QA teams would comb through these flat PDFs, retyping line by line, trying to extract key insights: auditor names, firm IDs, root causes, trends. The process was manual, fragmented, and inconsistent across sites. There was no centralized system, no dashboards — just Excel sheets and shared folders.

🧩 The Spark: Let’s Build Something Better

That’s when I built AuditVision — a platform that could turn these scanned FDA documents into clean, structured data and meaningful visual insights. From OCR to web dashboards, the goal was simple: automate what could be automated, and surface what mattered.

🔧 Building the System

📄 Step 1: Converting PDFs to Structured Data

• Used Poppler to convert multi-page PDFs into high-res images
• Applied OpenCV with custom morphological filters to:
  • Detect table lines
  • Remove scan noise and whitespace
  • Segment images into top (30%), middle (observations), bottom (footer)
• Ran Tesseract OCR on each zone independently for better accuracy
• Cleaned and parsed text using regex, converting it into Pandas DataFrames with fields like firm name, auditor, date, FEI number
• Merged with QA Excel data to enrich with metadata (plant, department, etc.)

💻 Step 2: Interactive Dashboards

Once the data pipeline was set, I built a secure Django web app with real-time analytics using Chart.js, Plotly, and DataTables.
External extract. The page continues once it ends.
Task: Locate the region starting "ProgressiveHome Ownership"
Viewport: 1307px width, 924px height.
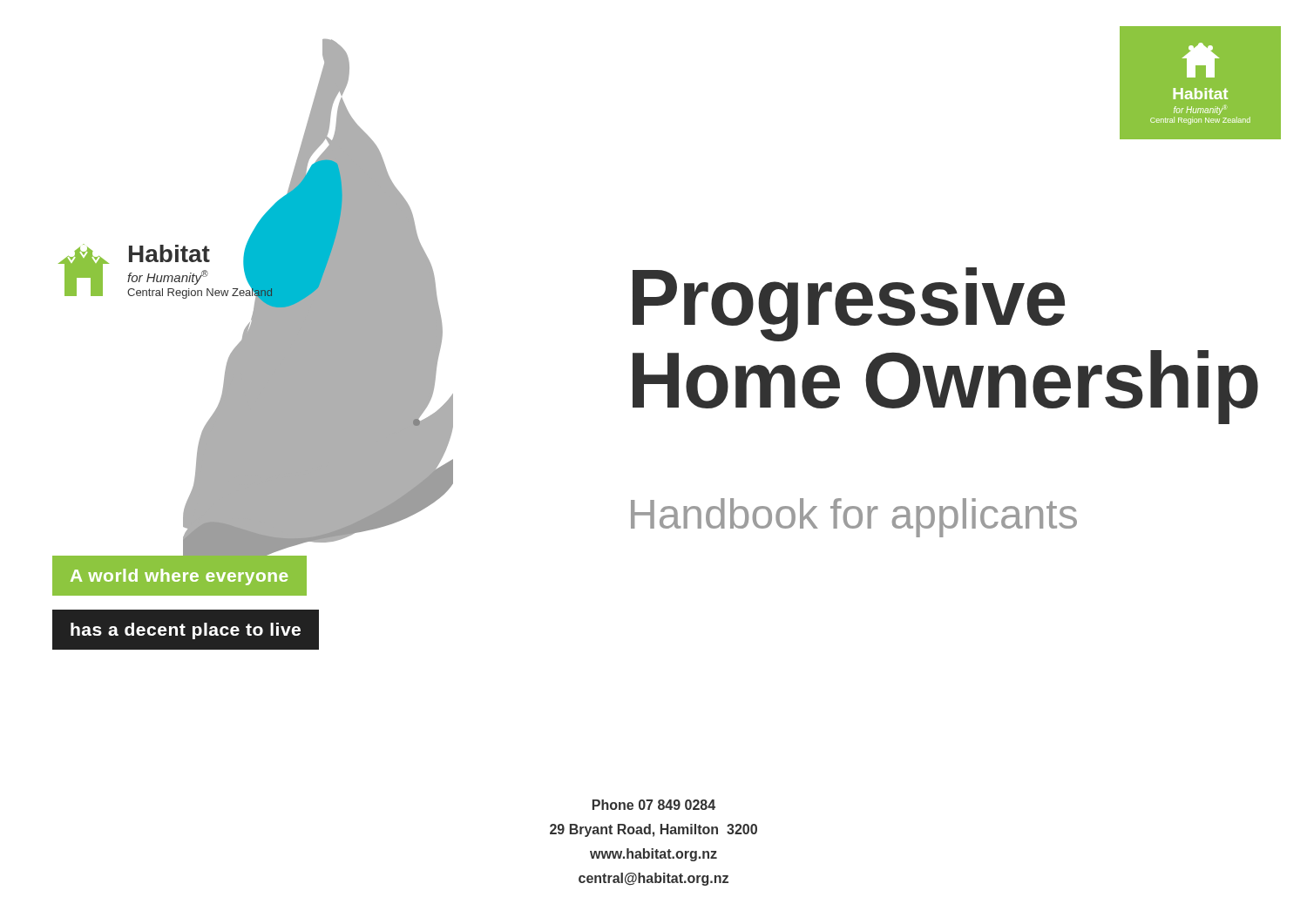Action: pos(944,339)

Users could:

• Track top auditors and their observation patterns
• View company-wise and year-wise compliance trends
• Compare auditor performance across regions and time
• Filter, search, and export relevant slices of data

🔐 Step 3: Securing Compliance

• Role-based access control with separate user/admin views
• Full audit trail of logins, CRUD operations, exports with IPs and timestamps
• Locked Excel exports (row limits + embedded user metadata for traceability)
• Live session APIs for stats, termination, and timeout handling

⚡ The Impact

• Reduced audit processing time from 1 week to just 1 day
• Enabled centralized, real-time visibility across multiple manufacturing sites
• Adopted across both Corporate QA and plant-level teams
• Improved traceability, transparency, and audit readiness

💡 Reflection

What started as a small automation script turned into a full-scale internal product. AuditVision blended OCR, analytics, UX, and security into one unified platform — and made life easier for people on the ground.

To me, this project wasn’t just about writing code. It was about understanding a real-world problem and designing a solution that respected the complexity while simplifying the work.